WHAT THE TASK REQUIRES
Type out the lines below exactly, from the first through the line holding "list Conectamos un", and include no pictures.

DATA FOR REVIEW
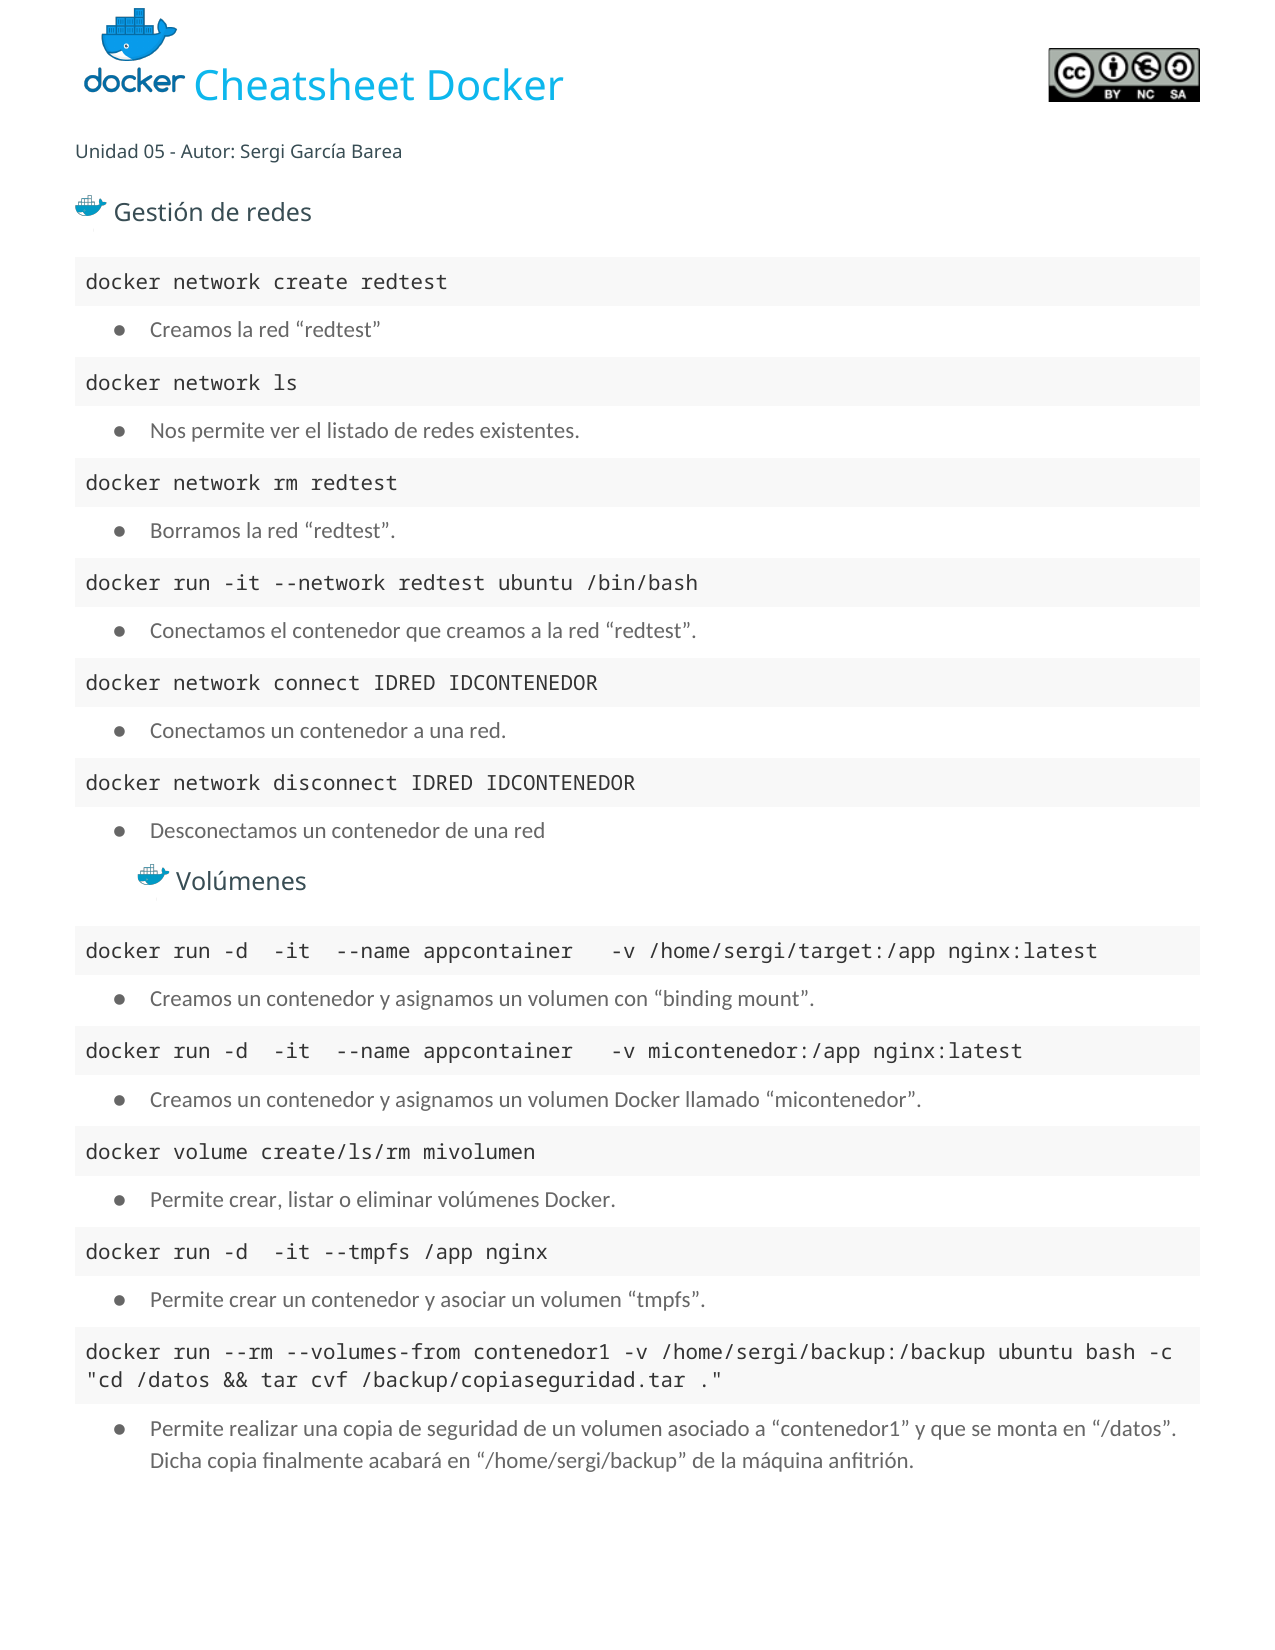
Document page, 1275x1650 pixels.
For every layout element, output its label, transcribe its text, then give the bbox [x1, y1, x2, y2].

table_header docker network disconnect IDRED IDCONTENEDOR [75, 758, 1200, 807]
table_header docker run --rm --volumes-from contenedor1 -v /home/sergi/backup:/backup ubuntu bash -c "cd /datos && tar cvf /backup/copiaseguridad.tar ." [75, 1327, 1200, 1404]
list Permite crear un contenedor y asociar un volumen “tmpfs”. [112, 1285, 1191, 1313]
list Creamos un contenedor y asignamos un volumen Docker llamado “micontenedor”. [112, 1085, 1191, 1113]
picture [137, 858, 170, 874]
picture [75, 0, 193, 101]
list Conectamos un contenedor a una red. [112, 716, 1191, 744]
list Permite realizar una copia de seguridad de un volumen asociado a “contenedor1” y que se monta en “/datos”. Dicha copia finalmente acabará en “/home/sergi/backup” de la máquina anfitrión. [112, 1414, 1191, 1474]
list Creamos un contenedor y asignamos un volumen con “binding mount”. [112, 984, 1191, 1013]
list Conectamos el contenedor que creamos a la red “redtest”. [112, 616, 1191, 644]
list Desconectamos un contenedor de una red [112, 817, 1191, 845]
table_header docker run -d -it --tmpfs /app nginx [75, 1227, 1200, 1276]
list Nos permite ver el listado de redes existentes. [112, 416, 1191, 444]
table_header docker volume create/ls/rm mivolumen [75, 1126, 1200, 1176]
picture [137, 874, 170, 891]
picture [1048, 48, 1200, 102]
table_header docker network connect IDRED IDCONTENEDOR [75, 658, 1200, 707]
text Volúmenes [137, 858, 1117, 897]
picture [75, 189, 107, 205]
table_header docker network create redtest [75, 257, 1200, 306]
picture [75, 205, 107, 222]
table_header docker network rm redtest [75, 458, 1200, 507]
text Gestión de redes [75, 189, 1117, 228]
list Borramos la red “redtest”. [112, 516, 1191, 544]
list Permite crear, listar o eliminar volúmenes Docker. [112, 1185, 1191, 1213]
list Creamos la red “redtest” [112, 316, 1191, 344]
table_header docker run -d -it --name appcontainer -v micontenedor:/app nginx:latest [75, 1026, 1200, 1075]
table_header docker run -it --network redtest ubuntu /bin/bash [75, 558, 1200, 607]
table_header docker network ls [75, 357, 1200, 406]
table_header docker run -d -it --name appcontainer -v /home/sergi/target:/app nginx:latest [75, 926, 1200, 975]

SOLUTION TO THE PROBLEM
Document page, 1275x1650 pixels.
For every layout element, output its label, transcribe its text, then give the bbox [x1, y1, x2, y2].

table_header docker network disconnect IDRED IDCONTENEDOR [75, 758, 1200, 807]
table_header docker run --rm --volumes-from contenedor1 -v /home/sergi/backup:/backup ubuntu bash -c "cd /datos && tar cvf /backup/copiaseguridad.tar ." [75, 1327, 1200, 1404]
list Permite crear un contenedor y asociar un volumen “tmpfs”. [112, 1285, 1191, 1313]
list Creamos un contenedor y asignamos un volumen Docker llamado “micontenedor”. [112, 1085, 1191, 1113]
picture [137, 858, 170, 874]
picture [75, 0, 193, 101]
list Conectamos un contenedor a una red. [112, 716, 1191, 744]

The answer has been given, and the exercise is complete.